Just wanted to post an update. He followed the return to school/return to sports protocol. Here's the approximate timeline, though everyone's journey may vary.

  • Day 1 after concussion (undiagnosed) - Vision was very blurred, fatigue
  • Day 2 after concussion (diagnosed) - Vision was worse, fatigue was worse. Overall demeanor was very monotone, no humor really. Unable to watch TV or use screens without headache. Most symptomatic day overall.
  • Day 3 - Vision improved, demeanor improved. Able to use screens by evening, but for only for short periods.
  • Day 4 - Vision improving, with blurriness and light sensitivity the only issues there. Returned to driving with me riding, and only on familiar routes. Fatigue improving, only 1 nap during the day
  • Day 5 - Able to use screens for longer periods, light sensitivity gone. Returned to driving on his own. Did bands, jogged, did light toss
  • Day 6 - Returned to school. Fatigue gone, blurriness barely there. Did full warmups with team at game except for swinging the bat. Able to stay up till midnight after game and finish a test that was due.
  • Day 7 - Blurriness remained, but still just barely there.
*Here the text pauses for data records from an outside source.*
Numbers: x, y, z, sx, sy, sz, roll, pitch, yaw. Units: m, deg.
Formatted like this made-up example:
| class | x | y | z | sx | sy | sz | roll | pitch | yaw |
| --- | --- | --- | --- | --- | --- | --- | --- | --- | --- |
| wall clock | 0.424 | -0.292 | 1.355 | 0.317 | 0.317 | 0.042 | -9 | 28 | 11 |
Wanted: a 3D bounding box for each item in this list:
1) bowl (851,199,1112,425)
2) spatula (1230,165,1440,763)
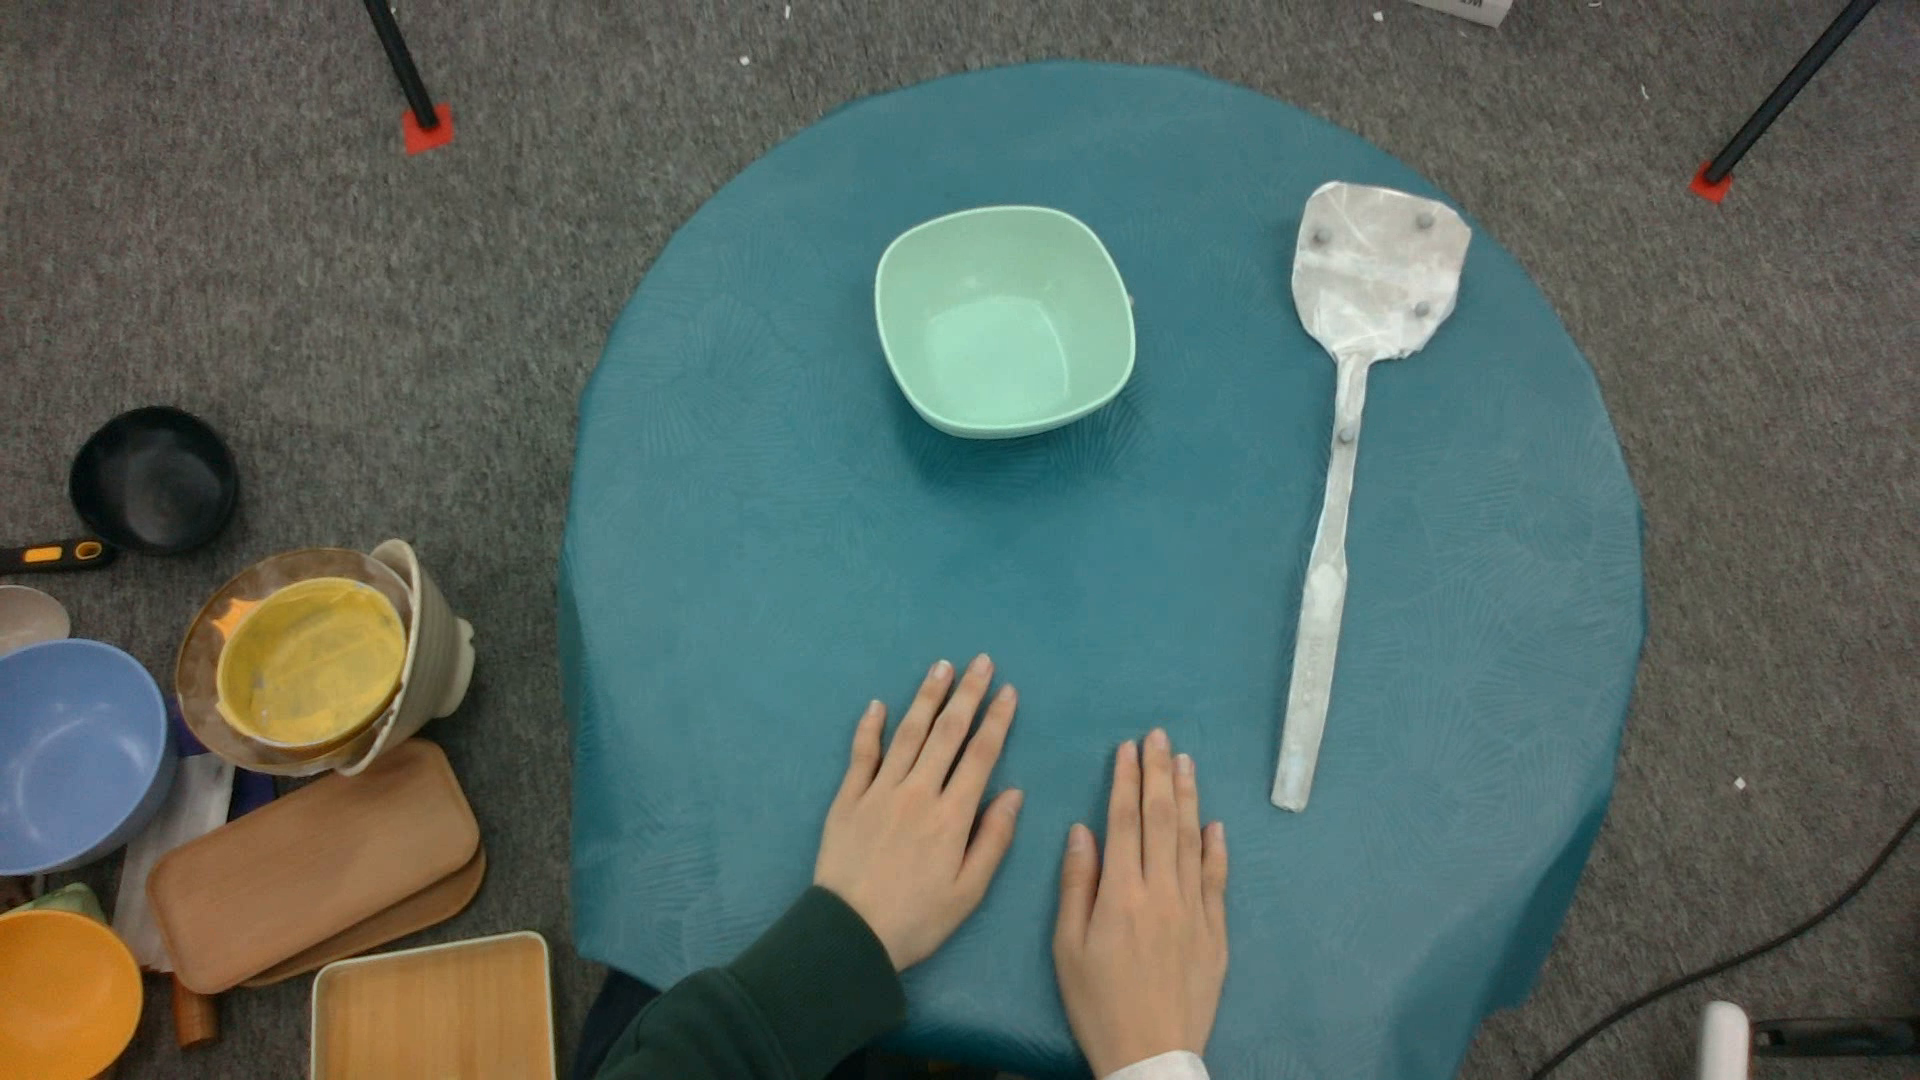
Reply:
| class | x | y | z | sx | sy | sz | roll | pitch | yaw |
| --- | --- | --- | --- | --- | --- | --- | --- | --- | --- |
| bowl | 0.010 | -0.117 | 0.771 | 0.151 | 0.058 | 0.152 | 2 | 64 | -4 |
| spatula | 0.197 | -0.050 | 0.766 | 0.099 | 0.044 | 0.366 | 16 | 66 | 0 |

Full throwing, hitting off tee/dad BP.
  • Day 8 - Vision normal. Full speed BP from machine.
  • Day 9 - Cleared for full return to playing.

The caution as a catcher is the next hard ding to the helmet.   I think it was Mike Matheney that had multiple concussions and then it was one foul ball too many that was the last straw.  Of course, he played MLB for 13 years.

Maybe playing another position for a bit is a good thing. Now you both know the symptoms and can identify when something is a little off.